Как прежде, он сохранял верность темам, которые составляли его постоянный репертуар с ранних дней и перешли в «Застольные беседы»: его юность в Вене, мировая война и годы борьбы, история, доисторические времена, питание, женщины, искусство и борьба за жизнь. Он возмущался «пляской» танцовщицы Греты Палукки, «уродливой мазней» искусства модерна, фортиссимо Кнаппертсбуша, вынуждавшего оперных певцов срываться на крик, так что они «выглядели как головастики»; говорил о своем отвращении к «тупому мещанству», к «свинарнику» в Ватикане и к «тусклым христианским небесам», и рядом с мыслями об имперской расовой державе, о ловких браконьерах, слонах Ганнибала, катастрофах ледникового периода, «жене Цезаря» или «сброде юристов» соседствовали рекомендации насчет вегетарианского стола, популярной воскресной газеты «с массой картинок» и романом, «из которого девицам есть что почерпнуть» [499]. Оглушенный таким нескончаемым потоком слов, итальянский министр иностранных дел предположил, что Гитлер, вероятно, прежде всего потому так счастлив быть Гитлером, что это дает ему возможность безостановочно говорить [500].

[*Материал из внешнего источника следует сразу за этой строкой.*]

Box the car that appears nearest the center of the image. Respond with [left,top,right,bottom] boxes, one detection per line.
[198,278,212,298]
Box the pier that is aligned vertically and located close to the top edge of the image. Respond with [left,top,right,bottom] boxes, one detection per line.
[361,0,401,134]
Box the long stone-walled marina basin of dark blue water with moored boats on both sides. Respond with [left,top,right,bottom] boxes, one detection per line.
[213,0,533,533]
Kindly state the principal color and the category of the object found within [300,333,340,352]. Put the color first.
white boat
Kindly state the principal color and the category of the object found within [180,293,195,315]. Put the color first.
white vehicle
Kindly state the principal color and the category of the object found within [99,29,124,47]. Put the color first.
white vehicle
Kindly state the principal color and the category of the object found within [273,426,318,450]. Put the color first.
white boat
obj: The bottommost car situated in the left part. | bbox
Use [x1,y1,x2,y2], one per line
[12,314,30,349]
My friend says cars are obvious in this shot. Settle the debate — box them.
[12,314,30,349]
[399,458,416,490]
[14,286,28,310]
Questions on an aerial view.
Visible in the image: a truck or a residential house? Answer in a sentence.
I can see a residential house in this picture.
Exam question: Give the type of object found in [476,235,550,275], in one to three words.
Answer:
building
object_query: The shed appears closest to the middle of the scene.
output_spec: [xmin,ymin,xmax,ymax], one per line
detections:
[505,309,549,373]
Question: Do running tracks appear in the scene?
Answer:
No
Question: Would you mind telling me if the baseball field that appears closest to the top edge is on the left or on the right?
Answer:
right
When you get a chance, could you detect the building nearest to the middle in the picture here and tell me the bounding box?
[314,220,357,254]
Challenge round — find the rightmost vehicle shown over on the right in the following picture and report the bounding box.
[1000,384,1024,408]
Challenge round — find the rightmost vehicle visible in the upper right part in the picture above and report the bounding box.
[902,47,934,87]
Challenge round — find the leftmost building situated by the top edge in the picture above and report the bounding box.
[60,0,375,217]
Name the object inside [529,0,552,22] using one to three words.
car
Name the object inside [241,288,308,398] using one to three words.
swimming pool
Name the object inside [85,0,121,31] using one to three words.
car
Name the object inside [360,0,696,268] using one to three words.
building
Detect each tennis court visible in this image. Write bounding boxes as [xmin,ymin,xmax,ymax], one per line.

Правда, куда больше, чем неисчерпаемость его бесконечных монологов, бросалась в глаза – во всяком случае, это следует из воспоминаний о тех разговорах – вульгарность его выражений, в чем, несомненно, отражалось его происхождение. Не только сами мысли, не только страхи, чаяния и цели оставались неизменными, судя по его излияниям о прошлом; более того, теперь он отбрасывает и весь камуфляж и замашки государственного мужа и во все большей степени возвращается к яростным и заурядным штампам демагога в пивной, а то и обитателя мужского общежития. Не без удовольствия обсуждает он каннибализм среди партизан или в осажденном Ленинграде, называет Рузвельта «душевнобольным идиотом», а речи Черчилля – «вздором беспробудного пьянчуги» и со злостью ругает фон Манштейна «обмочившимся стратегом»; в системе Советской России он хвалит отказ от всякого рода «прекраснодушной гуманности», расписывает, как бы он, случись мятеж в Германии, ответил на него «расстрелом «отребья» в несколько сот тысяч человек», и делает своей излюбленной, «постоянно повторяемой» максимой фразу: «Если кто-то мертв, то сопротивляться уже не может» [501].
К явлениям редукции относилось и наблюдаемое у него сужение интеллектуального горизонта, отбросившее его вновь на уровень представлений партийного руководителя местного масштаба. С конца 1942 – начала 1943 года он смотрел на войну не иначе как под углом зрения увеличенного до глобальных размеров «захвата власти» и уж, во всяком случае, был не в состоянии следить за ее расширением, достигшим масштабов всемирного противоборства. Ведь и во «время борьбы» – так утешал он себя, – он противостоял подавляющему превосходству, был «одним-единственным человеком с маленькой кучкой сторонников»; война – это всего лишь «гигантское повторение» прежнего опыта: «За обедом… шеф указал на то, – говорится в записи одной из «Застольных бесед», – что эта война – точное подобие ситуации из «времен борьбы». То, что происходило тогда как борьба партий на внутреннем фронте, идет сейчас как борьба наций – на внешнем» [502].